Related Experiment Videos
[A proposal for capitation payment, based on age, chronicity, and gender, using management databases]
A Brugos Larumbe1, E Lorenzo Vello, M Juanenea Beraza
1Dirección de Atención Primaria, Servicio Navarro de Salud-Osasunbidea, Pamplona. abrugosl@cfnavarra.es
Insights
This study proposes a primary care case-mix methodology using age, type, and chronicity to predict medical workload. These factors explained over 24% of workload variability, aiding in resource allocation.
Area of Science:
- Primary Care Medicine
- Health Services Research
- Medical Informatics
Context:
- Primary care settings face challenges in accurately assessing patient workload.
- Existing administrative data may not fully capture the complexity of patient needs.
Purpose:
- To develop and validate a case-mix methodology for primary care.
- To identify key patient variables (age, type, chronicity) that explain workload variability.
- To assess the predictive power of these variables on medical case-load.
Summary:
- A retrospective study analyzed consultation records from a primary care center.
- Patient age, medical condition type, and chronicity were evaluated as predictors of case-load.

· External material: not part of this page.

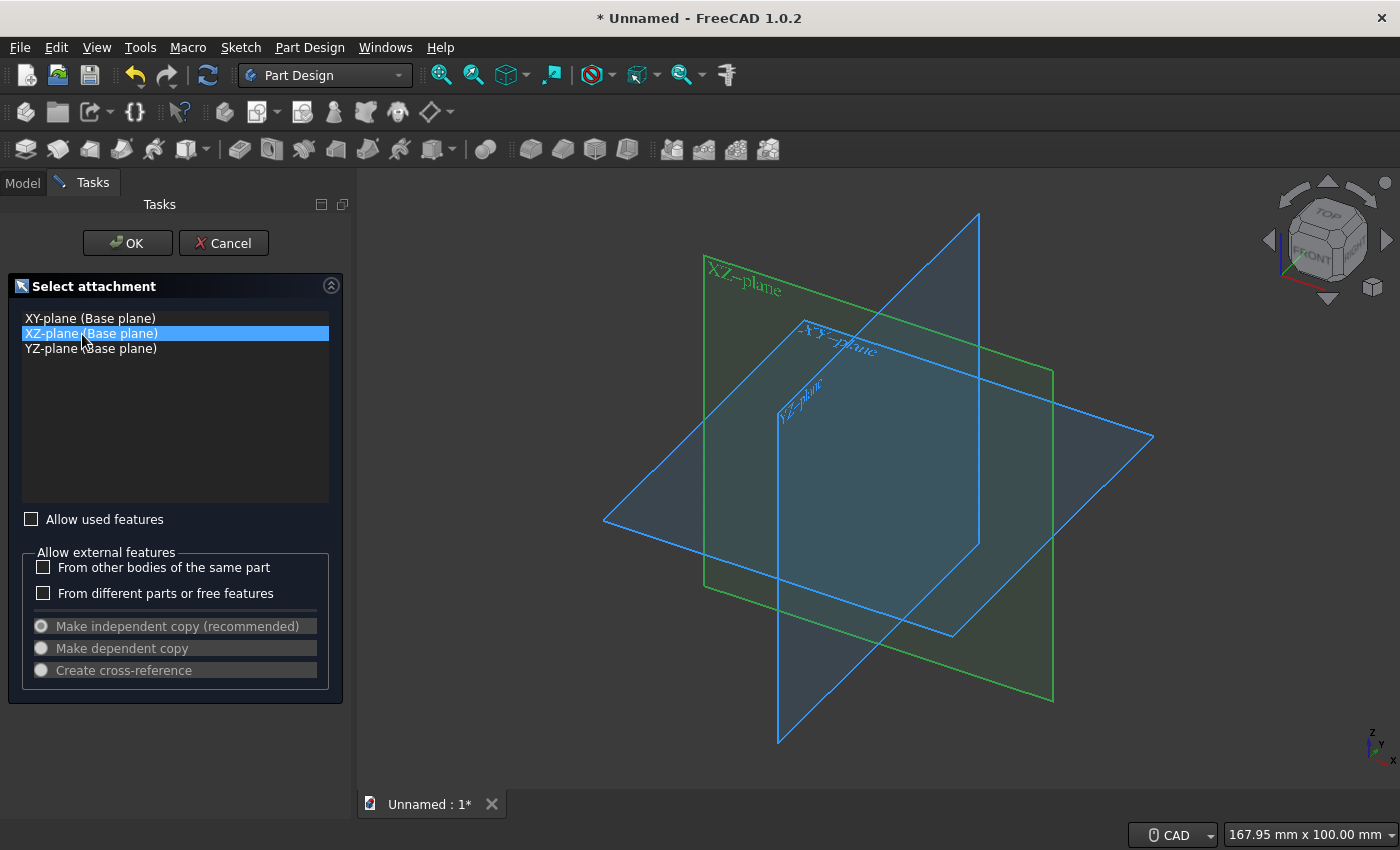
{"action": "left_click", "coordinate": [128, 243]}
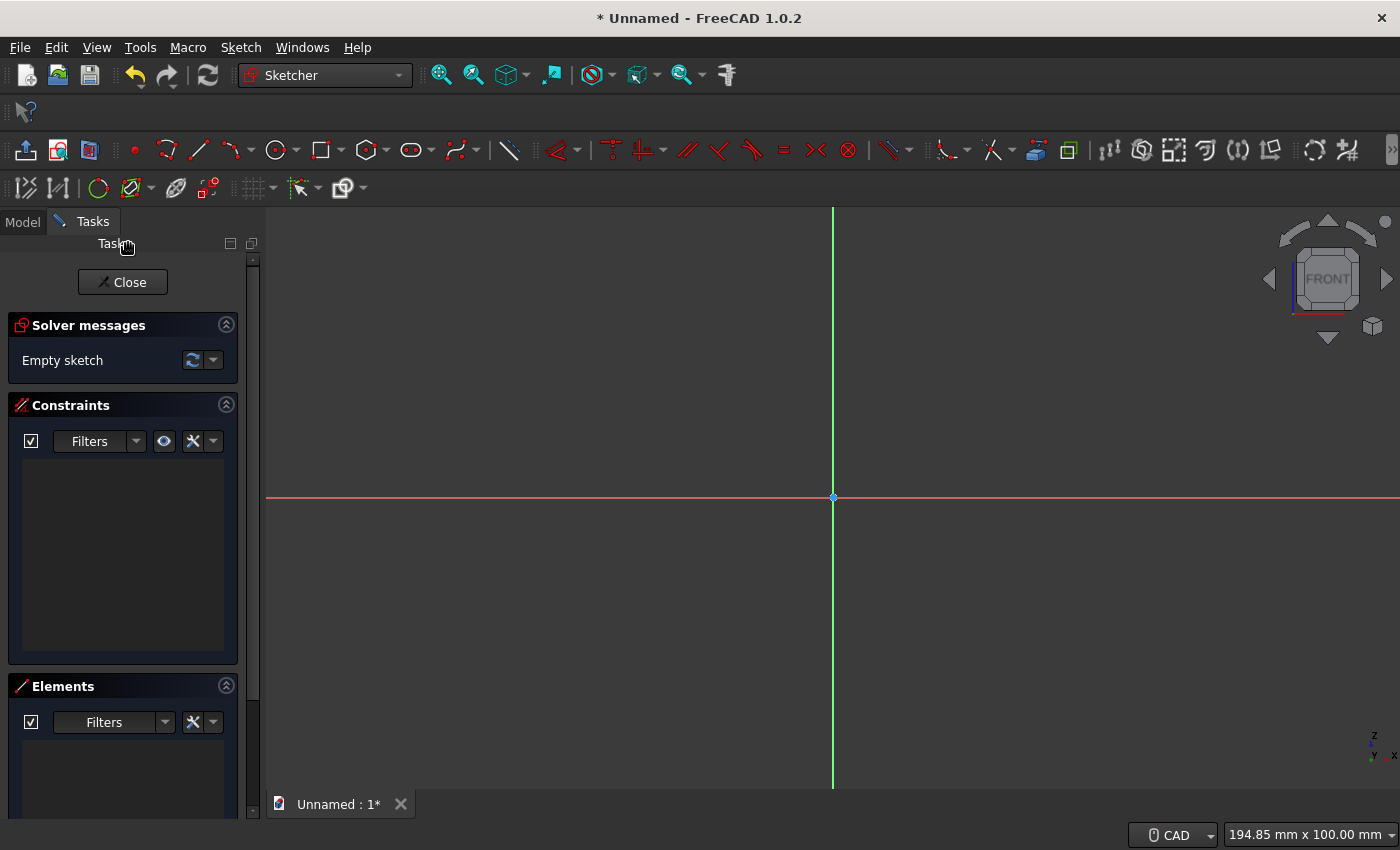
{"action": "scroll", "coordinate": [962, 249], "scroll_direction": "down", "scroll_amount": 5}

- Multivariate analysis showed these variables explained significant workload variability (24.2% for general practitioners, 23.48% for pediatricians).
Impact:
- The proposed methodology offers a data-driven approach to case-mix adjustment in primary care.
- Findings support the use of age, type, and chronicity for workload adjustments in capitation payment systems.
- This can lead to more equitable resource distribution and improved primary care management.
Objectives:
To propose a case-mix methodology for primary care, based on chronicity, type and age. To describe the explanatory value of these variables in the variability of the medical case-load.
Design:
Observation, descriptive and retrospective study.
Setting:
Primary care. Rochapea Health Centre, Pamplona.
Material And Methods:
Computer records of all the consultations between January 1996 and June 1997. Dependent variable: case-load.
Independent Variables:
age, type, chronic pathologies (diabetes, lipaemia, chronic neurological diseases, COPD-asthma, chronic psychiatric illnesses, cardiopathy, hypertension, alcohol and other drug abuse). The Kruskal-Wallis test was used to compare work-loads by age groups; and multiple linear regression analysis to calculate the predictive power of the independent variables.
Results:
Significant differences were observed for age groups. In the multivariate model used for general practitioners, all the variables could be included. They explained 24.2% of the variability in work load (R2). For paediatricians, age and asthma, explaining 23.48%, could also be included.
Conclusions:
Age, type and chronicity are useful variables for predicting case load from administrative data bases. They can be used in adjustments for case load applicable to capitation payment systems.